Ditinjau dari Aspek HAM Sebagai Amanat Otsus
Dapat mengukur dan mengatakan bahwa kebijakan otsus gagal di implemntasikan itu dilihat semua aspek. Tetapi dalam tulisan ini, penulis mengukur dan melihat aspek HAM [Hak Asasi Manusia] yang katanya sudah menjadi amanat Otsus telah gagal diimplementasikan di Provinsi Papua.
Perlu di ketahui bahwa dalam Udang-Udang No. 21 Ketentuan Umum Point i. mengatakan bahwa pemberlakuan kebijakan Otonomi Khusus dimaksud didasarkan pada nilai-nilai dasar yang mencakup perlindungan dan penghargaan terhadap etika dan moral, hak-hak dasar penduduk asli, Hak Asasi Manusia, supremasi hukum, demokrasi, pluralisme, serta persamaan kedudukan, hak, dan kewajiban sebagai warga Negara. Sudah jalas mengatur dalam undang-undang Otonomi Khusus bahwa masalah Hak Asasi Manusia akan di lindungi karena itu sudah menjadi Amat Otonomi Khusus tetapi hal tersebut dinyatakan gagal karena pemerintah telah gagal untuk melindungi masyarakat Papua. Dan gagal dimplemntasikan amanat tersebut karena aparat yang menjadi pengayom masyarakat saja menjadi pembunuh masyarakat sipil di tanah Papua. Sebagai bukti penulis akan paparkan di paragraph berikut ini adalah kondisi yang terjadi dilapangan setelah pemeberian Kebijakan Otonomi Khusus di Papua.
Sejak otonomi khusus digulirkan ditanah Papua telah terjadi pelanggaran HAM, pada tanggal 10 November 2001 terjadi pembunuhan tokoh adat atau tokoh karismatik yaitu Dortheys Hiyo Eluay. Pembunuhan ini dilakukan oleh Kopasusus sebagai pengayom masyarakat atau tugas sebagai menjaga tapal batas Negara atau penjaga territorial. Koronologis pembunuhanya Theys diundang oleh Kopasus untuk menghadiri acara HUT TNI di markas Kopasus dan pagi ditemukan tokoh karismatik telah tewas dan mengagetkan seluruh rakyat Papua [Sumbe: Buku Dr.
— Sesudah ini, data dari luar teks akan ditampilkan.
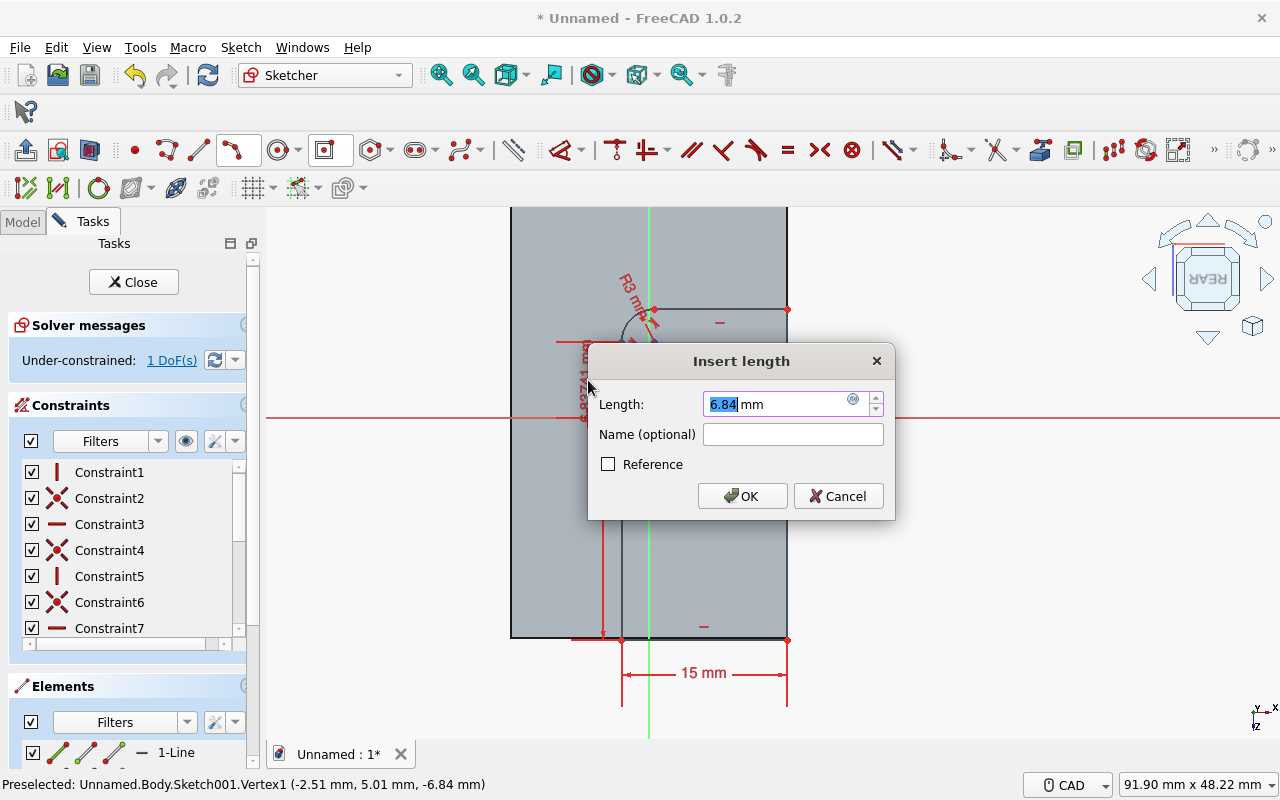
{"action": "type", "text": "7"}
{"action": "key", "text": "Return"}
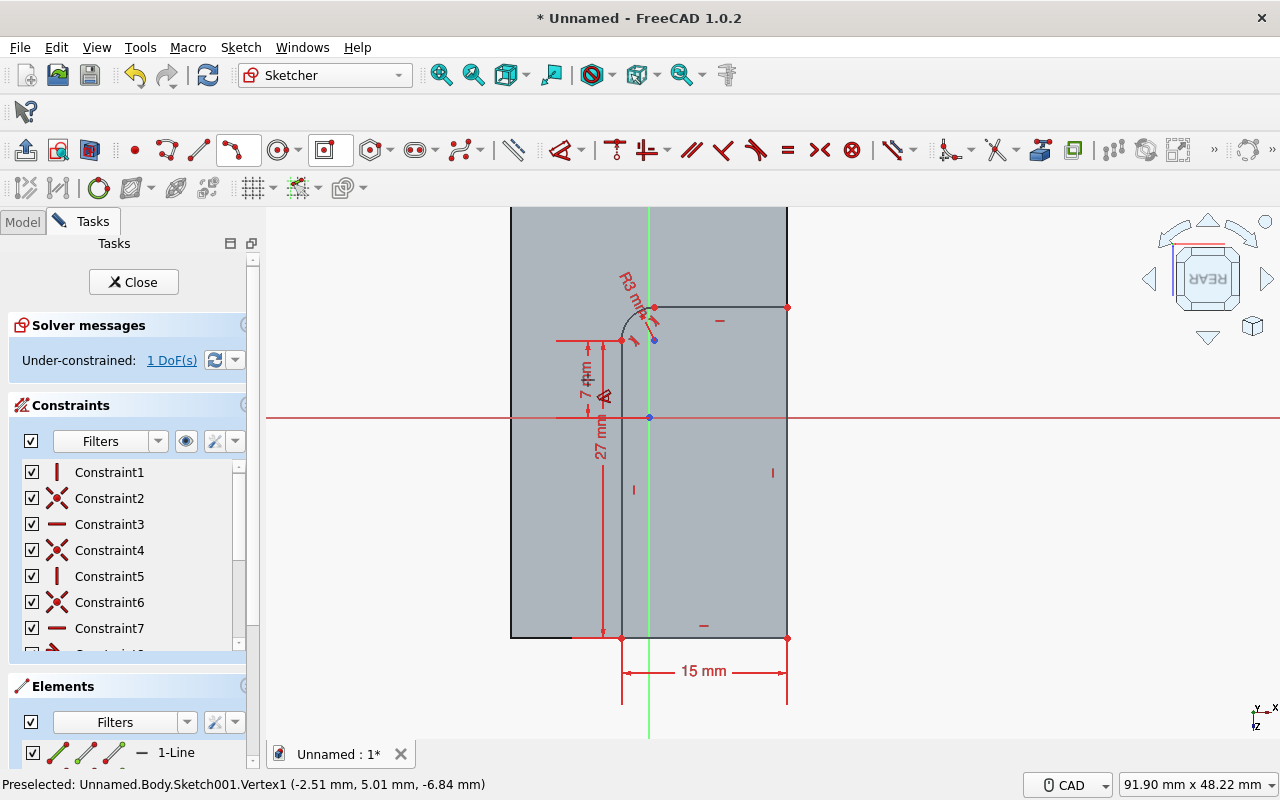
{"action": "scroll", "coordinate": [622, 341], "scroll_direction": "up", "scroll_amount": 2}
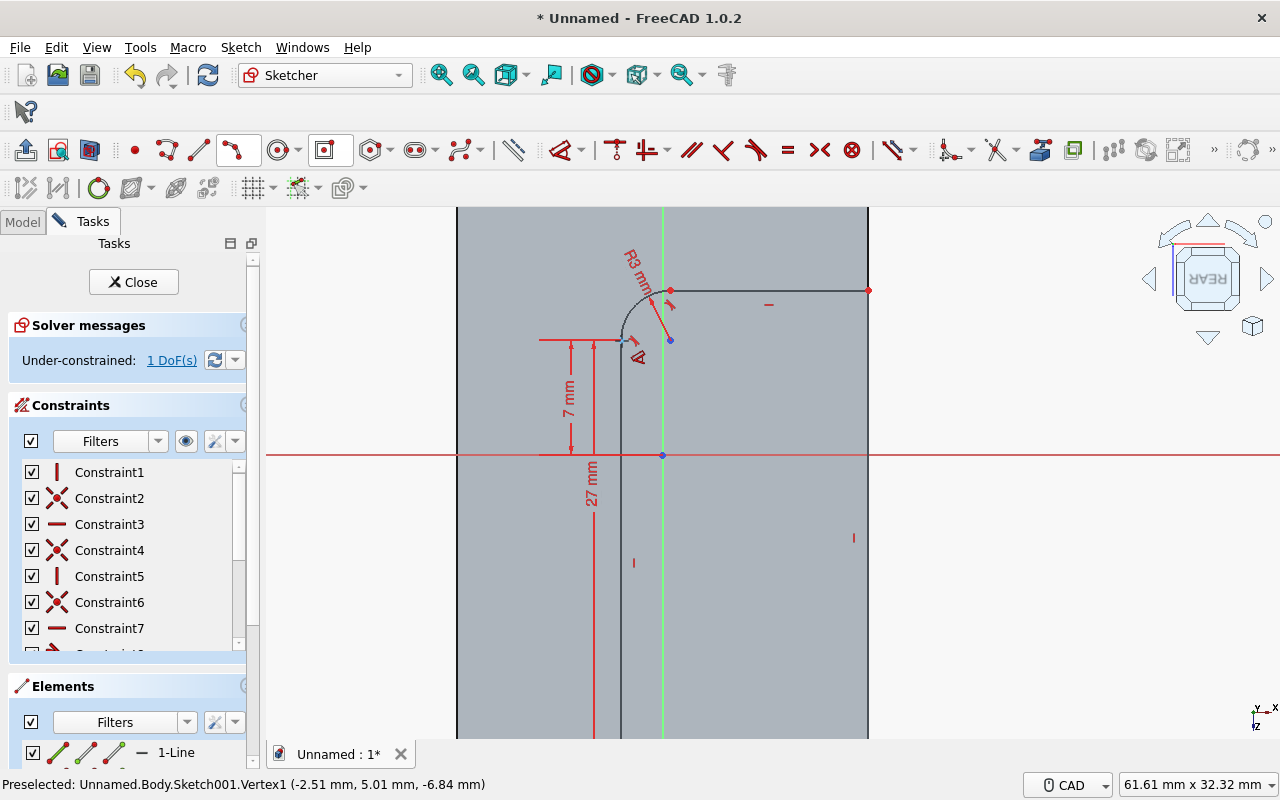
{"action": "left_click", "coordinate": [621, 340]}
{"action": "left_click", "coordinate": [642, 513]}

Beny Giyai, Pembunuhan Theys Hiyo Eluway,dan Maitnnya Ham di Papua, tahun 2001]
Satelah pembunuhan tokoh karismatik di Papua ini maka terjadi banyak pula pelangaran HAM sebagai beriktu Wasior pada tahun 2003 yang menewaskan 4 orang warga sipil, Wamena 2005 yang mengorban 9 orang warga sipil, Kasus pembunuhan di Puncak Jaya 2009, kasus Obano yang menewaskan 5 orang warga sipil, kasus Nabire, Kasus Wagete menewaskan satu anak sekolah, Kasus Dogiyai tahun 2011 yang menewaskan 3 0rang warga sipil, dan pembunuhan kepada 3 masyarakat Papua pasca kongres III Rakyat Papua di Jayapura serta kasus Panembahkan Timika. Serta beberapa kasus pembunuhan secara diam-diam penulis belum ungkap.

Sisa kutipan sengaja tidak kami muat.